[Items listed in a dataset]
>>
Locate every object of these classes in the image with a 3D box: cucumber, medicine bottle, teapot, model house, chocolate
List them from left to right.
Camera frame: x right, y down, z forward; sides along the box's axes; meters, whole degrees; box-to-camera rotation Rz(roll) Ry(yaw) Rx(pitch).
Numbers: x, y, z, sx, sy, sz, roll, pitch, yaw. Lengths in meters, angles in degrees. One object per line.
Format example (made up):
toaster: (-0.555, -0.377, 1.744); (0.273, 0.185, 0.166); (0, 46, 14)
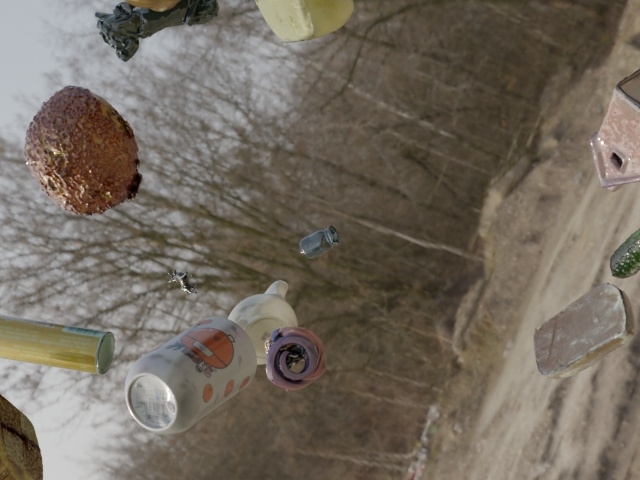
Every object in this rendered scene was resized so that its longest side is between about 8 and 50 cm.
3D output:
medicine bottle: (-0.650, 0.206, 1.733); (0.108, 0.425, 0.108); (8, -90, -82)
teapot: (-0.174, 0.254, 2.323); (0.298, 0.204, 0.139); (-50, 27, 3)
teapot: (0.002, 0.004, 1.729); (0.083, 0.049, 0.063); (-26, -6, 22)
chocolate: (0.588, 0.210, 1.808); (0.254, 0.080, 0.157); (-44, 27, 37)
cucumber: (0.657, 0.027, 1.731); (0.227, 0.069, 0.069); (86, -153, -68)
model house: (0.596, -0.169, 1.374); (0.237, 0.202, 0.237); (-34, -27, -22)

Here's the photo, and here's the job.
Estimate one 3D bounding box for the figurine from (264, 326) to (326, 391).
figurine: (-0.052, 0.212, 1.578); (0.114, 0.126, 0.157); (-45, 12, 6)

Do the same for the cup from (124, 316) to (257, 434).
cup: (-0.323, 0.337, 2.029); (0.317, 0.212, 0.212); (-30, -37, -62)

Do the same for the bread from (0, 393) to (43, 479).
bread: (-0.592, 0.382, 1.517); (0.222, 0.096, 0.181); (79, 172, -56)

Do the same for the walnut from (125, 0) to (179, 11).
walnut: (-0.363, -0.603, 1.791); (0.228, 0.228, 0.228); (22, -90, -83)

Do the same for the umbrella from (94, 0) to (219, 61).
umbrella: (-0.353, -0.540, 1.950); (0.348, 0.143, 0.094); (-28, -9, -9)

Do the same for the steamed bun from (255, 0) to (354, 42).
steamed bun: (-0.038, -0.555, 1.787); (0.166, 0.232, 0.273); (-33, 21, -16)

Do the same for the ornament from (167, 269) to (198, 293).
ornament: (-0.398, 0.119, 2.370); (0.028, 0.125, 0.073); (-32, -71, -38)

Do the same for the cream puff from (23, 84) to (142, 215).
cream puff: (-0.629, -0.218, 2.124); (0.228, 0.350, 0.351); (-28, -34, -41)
<<
[AIM OF THE EXERCISE] Set every entry down again word for word, but not the pictures.

[RESPONSE TO THE TASK]
Locate every object of these classes in the image with a 3D box: cucumber, medicine bottle, teapot, model house, chocolate
List them from left to right.
Camera frame: x right, y down, z forward; sides along the box's axes; meters, whole degrees; box-to-camera rotation Rz(roll) Ry(yaw) Rx(pitch).
Numbers: x, y, z, sx, sy, sz, roll, pitch, yaw. Lengths in meters, angles in degrees. One object per line.
Format example (made up):
toaster: (-0.555, -0.377, 1.744); (0.273, 0.185, 0.166); (0, 46, 14)
Every object in this rendered scene was resized so that its longest side is between about 8 and 50 cm.
3D output:
medicine bottle: (-0.650, 0.206, 1.733); (0.108, 0.425, 0.108); (8, -90, -82)
teapot: (-0.174, 0.254, 2.323); (0.298, 0.204, 0.139); (-50, 27, 3)
teapot: (0.002, 0.004, 1.729); (0.083, 0.049, 0.063); (-26, -6, 22)
chocolate: (0.588, 0.210, 1.808); (0.254, 0.080, 0.157); (-44, 27, 37)
cucumber: (0.657, 0.027, 1.731); (0.227, 0.069, 0.069); (86, -153, -68)
model house: (0.596, -0.169, 1.374); (0.237, 0.202, 0.237); (-34, -27, -22)

Here's the photo, and here's the job.
Estimate one 3D bounding box for the figurine from (264, 326) to (326, 391).
figurine: (-0.052, 0.212, 1.578); (0.114, 0.126, 0.157); (-45, 12, 6)

Do the same for the cup from (124, 316) to (257, 434).
cup: (-0.323, 0.337, 2.029); (0.317, 0.212, 0.212); (-30, -37, -62)

Do the same for the bread from (0, 393) to (43, 479).
bread: (-0.592, 0.382, 1.517); (0.222, 0.096, 0.181); (79, 172, -56)

Do the same for the walnut from (125, 0) to (179, 11).
walnut: (-0.363, -0.603, 1.791); (0.228, 0.228, 0.228); (22, -90, -83)

Do the same for the umbrella from (94, 0) to (219, 61).
umbrella: (-0.353, -0.540, 1.950); (0.348, 0.143, 0.094); (-28, -9, -9)

Do the same for the steamed bun from (255, 0) to (354, 42).
steamed bun: (-0.038, -0.555, 1.787); (0.166, 0.232, 0.273); (-33, 21, -16)

Do the same for the ornament from (167, 269) to (198, 293).
ornament: (-0.398, 0.119, 2.370); (0.028, 0.125, 0.073); (-32, -71, -38)

Do the same for the cream puff from (23, 84) to (142, 215).
cream puff: (-0.629, -0.218, 2.124); (0.228, 0.350, 0.351); (-28, -34, -41)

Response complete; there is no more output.